Kode Morse merepresentasikan huruf, angka, dan sebagian tanda baca dengan kombinasi sinyal pendek dan panjang — "titik" dan "garis". Karena bahasa Indonesia memakai alfabet Latin standar tanpa diakritik tambahan, kode Morse internasional cocok dipakai apa adanya — tanpa perlu tabel perluasan khusus seperti bahasa-bahasa dengan huruf tambahan.

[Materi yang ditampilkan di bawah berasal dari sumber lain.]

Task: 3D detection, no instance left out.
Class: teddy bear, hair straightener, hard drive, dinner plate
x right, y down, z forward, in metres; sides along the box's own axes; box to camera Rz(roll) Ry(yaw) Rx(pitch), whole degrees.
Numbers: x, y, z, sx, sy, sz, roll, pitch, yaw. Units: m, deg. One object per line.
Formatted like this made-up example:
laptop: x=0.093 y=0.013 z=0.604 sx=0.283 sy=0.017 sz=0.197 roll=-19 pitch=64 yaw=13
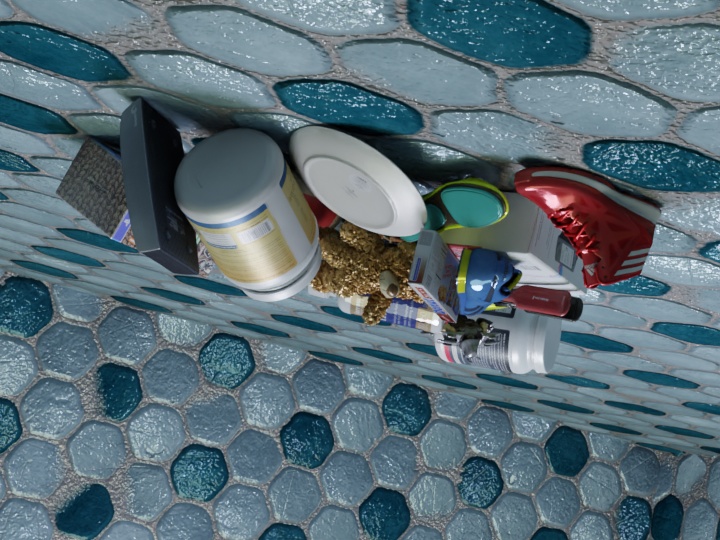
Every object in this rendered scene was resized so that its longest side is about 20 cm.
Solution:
teddy bear: x=0.000 y=0.000 z=1.649 sx=0.199 sy=0.146 sz=0.067 roll=29 pitch=-151 yaw=26
hair straightener: x=0.221 y=0.047 z=1.705 sx=0.199 sy=0.041 sz=0.077 roll=2 pitch=165 yaw=41
hard drive: x=-0.252 y=-0.100 z=1.538 sx=0.042 sy=0.201 sz=0.135 roll=-14 pitch=162 yaw=12
dinner plate: x=-0.009 y=-0.102 z=1.522 sx=0.199 sy=0.024 sz=0.200 roll=26 pitch=155 yaw=13

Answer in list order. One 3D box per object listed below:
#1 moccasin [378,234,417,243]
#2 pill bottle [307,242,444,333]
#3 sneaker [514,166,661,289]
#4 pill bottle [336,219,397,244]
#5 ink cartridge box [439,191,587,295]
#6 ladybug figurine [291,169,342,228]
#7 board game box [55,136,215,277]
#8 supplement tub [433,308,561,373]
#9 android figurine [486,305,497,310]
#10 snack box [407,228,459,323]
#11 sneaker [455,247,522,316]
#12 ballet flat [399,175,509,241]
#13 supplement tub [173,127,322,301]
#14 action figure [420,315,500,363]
moccasin: x=0.041 y=-0.076 z=1.685 sx=0.077 sy=0.074 sz=0.201 roll=2 pitch=177 yaw=11
pill bottle: x=0.031 y=0.016 z=1.758 sx=0.199 sy=0.112 sz=0.111 roll=12 pitch=169 yaw=7
sneaker: x=0.263 y=-0.045 z=1.446 sx=0.199 sy=0.116 sz=0.078 roll=16 pitch=169 yaw=-18
pill bottle: x=0.026 y=-0.015 z=1.897 sx=0.199 sy=0.107 sz=0.106 roll=19 pitch=168 yaw=-27
ink cartridge box: x=0.206 y=-0.036 z=1.638 sx=0.147 sy=0.086 sz=0.200 roll=6 pitch=168 yaw=32
ladybug figurine: x=-0.107 y=-0.096 z=1.727 sx=0.199 sy=0.072 sz=0.135 roll=22 pitch=166 yaw=-38
board game box: x=-0.307 y=-0.090 z=1.782 sx=0.159 sy=0.097 sz=0.200 roll=34 pitch=-175 yaw=40
supplement tub: x=0.240 y=0.104 z=2.157 sx=0.199 sy=0.141 sz=0.140 roll=9 pitch=168 yaw=22
android figurine: x=0.200 y=0.013 z=1.857 sx=0.199 sy=0.041 sz=0.182 roll=-9 pitch=157 yaw=5
snack box: x=0.102 y=0.010 z=1.592 sx=0.024 sy=0.072 sz=0.200 roll=10 pitch=167 yaw=19
sneaker: x=0.167 y=0.022 z=1.588 sx=0.078 sy=0.066 sz=0.200 roll=9 pitch=167 yaw=9
ballet flat: x=0.118 y=-0.086 z=1.530 sx=0.200 sy=0.067 sz=0.067 roll=-15 pitch=115 yaw=51
supplement tub: x=-0.138 y=-0.067 z=1.575 sx=0.144 sy=0.145 sz=0.200 roll=7 pitch=146 yaw=26
action figure: x=0.149 y=0.067 z=1.963 sx=0.130 sy=0.201 sz=0.069 roll=12 pitch=134 yaw=-35
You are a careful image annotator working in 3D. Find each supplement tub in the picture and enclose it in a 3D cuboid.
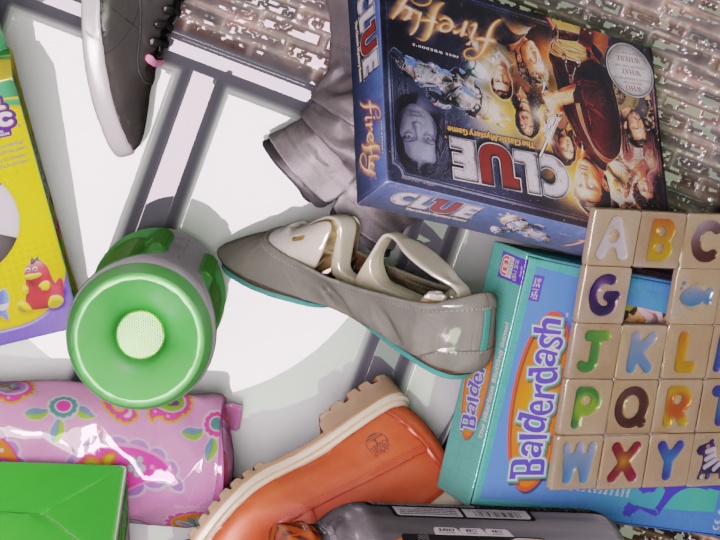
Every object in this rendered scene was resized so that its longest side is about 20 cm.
[{"bbox_3d":[0.046,0.193,1.319,0.198,0.122,0.124,3,97,-16],"label":"supplement tub"}]

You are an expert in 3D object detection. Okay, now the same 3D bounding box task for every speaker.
[{"bbox_3d":[-0.121,0.025,1.347,0.088,0.200,0.089,0,97,-1],"label":"speaker"}]

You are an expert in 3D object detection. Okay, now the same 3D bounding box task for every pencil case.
[{"bbox_3d":[-0.172,0.107,1.418,0.198,0.087,0.088,4,97,-3],"label":"pencil case"}]

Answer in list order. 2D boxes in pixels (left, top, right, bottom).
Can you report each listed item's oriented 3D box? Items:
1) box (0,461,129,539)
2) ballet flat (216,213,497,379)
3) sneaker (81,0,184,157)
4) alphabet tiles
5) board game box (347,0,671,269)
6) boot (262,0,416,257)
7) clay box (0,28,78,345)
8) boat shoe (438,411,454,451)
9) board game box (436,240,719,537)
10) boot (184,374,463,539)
[{"bbox_3d":[-0.237,0.206,1.385,0.198,0.097,0.178,2,125,-1],"label":"box"},{"bbox_3d":[0.000,0.000,1.377,0.199,0.067,0.064,25,114,33],"label":"ballet flat"},{"bbox_3d":[-0.112,-0.168,1.388,0.098,0.071,0.202,0,93,3],"label":"sneaker"},{"bbox_3d":[0.205,0.048,1.384,0.199,0.008,0.169,1,103,-30],"label":"alphabet tiles"},{"bbox_3d":[0.087,-0.085,1.348,0.199,0.035,0.136,11,63,-30],"label":"board game box"},{"bbox_3d":[-0.013,-0.114,1.403,0.131,0.070,0.200,-40,92,9],"label":"boot"},{"bbox_3d":[-0.242,-0.047,1.372,0.114,0.048,0.201,-14,123,-3],"label":"clay box"},{"bbox_3d":[0.081,0.107,1.434,0.068,0.057,0.202,14,96,-3],"label":"boat shoe"},{"bbox_3d":[0.155,0.074,1.401,0.199,0.045,0.153,10,97,-28],"label":"board game box"},{"bbox_3d":[-0.026,0.160,1.391,0.200,0.075,0.107,-37,71,-16],"label":"boot"}]

Kenapa bahasa Indonesia tidak butuh tabel Morse tambahan
Berbeda dari bahasa Prancis, Jerman, atau Vietnam yang perlu menambah kode untuk huruf beraksen, kata-kata bahasa Indonesia seperti "selamat" atau "terima kasih" seluruhnya tersusun dari 26 huruf standar yang sudah punya kode Morse internasional resmi. Ini membuat konversi teks Indonesia ke Morse dan sebaliknya menjadi salah satu kasus penggunaan paling langsung dibanding bahasa dengan aksara atau diakritik non-Latin.
Prinsip pengkodean
Huruf yang paling sering muncul dikodekan dengan urutan terpendek — "E" adalah satu titik, "T" adalah satu garis. Huruf yang lebih jarang memiliki kombinasi lebih panjang. Pendekatan ini — kode pendek untuk simbol yang sering muncul — mempercepat transmisi rata-rata, dan prinsip yang sama kemudian menjadi dasar algoritma kompresi data.
Konteks sejarah
Kode Morse diciptakan untuk telegraf pada abad ke-19, saat sinyal hanya bisa menyala atau mati, tanpa keadaan di antaranya. Titik dan garis sangat cocok untuk kanal komunikasi diskret semacam itu, dan jaringan telegraf yang dibangun pemerintah kolonial Hindia Belanda menghubungkan kota-kota besar di Nusantara jauh sebelum jaringan telepon berkembang.
Di mana masih digunakan sekarang
- Radio amatir — organisasi radio amatir Indonesia (ORARI) masih mengajarkan dan menggunakan CW, mode telegrafi berbasis Morse, sebagai bagian dari sertifikasi operator.
- Sinyal darurat — contoh paling terkenal adalah SOS (tiga titik, tiga garis, tiga titik).
- Aplikasi edukasi dan hiburan, teka-teki, termasuk kepramukaan yang mengajarkan Morse sebagai kecakapan dasar.
Kecepatan transmisi: WPM dan interval Farnsworth
Kecepatan Morse diukur dalam kata per menit (WPM), dengan kata acuan "PARIS" yang menstandarkan durasi satu titik. Dalam pelatihan sering dipakai metode Farnsworth: sinyal itu sendiri dikirim cepat, sementara jeda antar huruf dan kata sengaja diperpanjang — ini memudahkan pengenalan telinga tanpa membiasakan pembelajar pada ritme yang lambat.